さらに、⑦投資によって得られる成果も定量的(数字で)に示すこと。目で見てわかる工夫があればなおいいです。本事業を行うことによって、どのように他社と差別化し、競争力強化が実現するかについて、具体的に説明しましょう。事業の成果が、寄与すると想定している具体的なユーザー、マーケット及び市場規模等について、その成果の価格的・性能的な優位性・収益性や現在の市場規模も踏まえて記載。図表、客観データを用いて、説得力を深める内容に努めること。これらを記載するためには、統計データ等を求めて調べる必要があります。忘れてならないキーワードとして、「波及効果」を挙げておきます。事業によってもたらされる期待効果・波及効果として、川上、川下、エンドユーザー等への経済効果、環境負荷低減等について記載すること。

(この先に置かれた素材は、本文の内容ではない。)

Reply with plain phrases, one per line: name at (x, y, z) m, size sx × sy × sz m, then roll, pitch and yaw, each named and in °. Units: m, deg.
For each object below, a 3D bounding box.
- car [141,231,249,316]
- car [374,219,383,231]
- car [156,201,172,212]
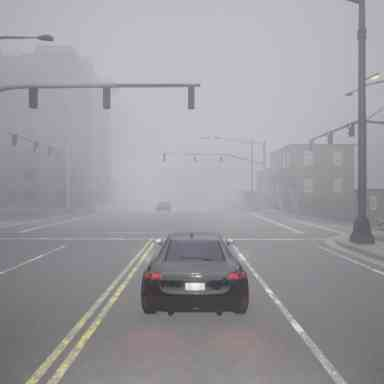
car at (0.056, 1.564, 7.614) m, size 1.994 × 1.385 × 4.181 m, roll 0°, pitch 0°, yaw 0°
car at (17.826, 2.712, 27.750) m, size 4.553 × 1.767 × 2.097 m, roll 8°, pitch 0°, yaw 0°
car at (-3.711, 2.014, 44.582) m, size 1.837 × 1.490 × 4.892 m, roll 0°, pitch -4°, yaw 0°

また、事業計画の有効性として次の点を確認してください。
・補助事業計画書の内容。実現可能性が高いものになっているか?
・販路開拓を目指すものとして、今後の方針・目標を達成するために有効か?
・申請書類の終盤に記載する収支計画の、根拠を具体的に示すこと。特に「売上」の根拠は、どこからどれだけ受注するのかを具体的に示すこと。例えば、サービス業の「売上高」は実現性が不明なことが多い傾向があるので、可能な限り、実現性を証明する記述の工夫が望ましいでしょう。例えば、テストマーケティングによる成果を示すこと考えてください。
等々、注意事項を列挙しましたが、結局、補助金の費用対効果を明確に受け止められる申請書が望まれるということです。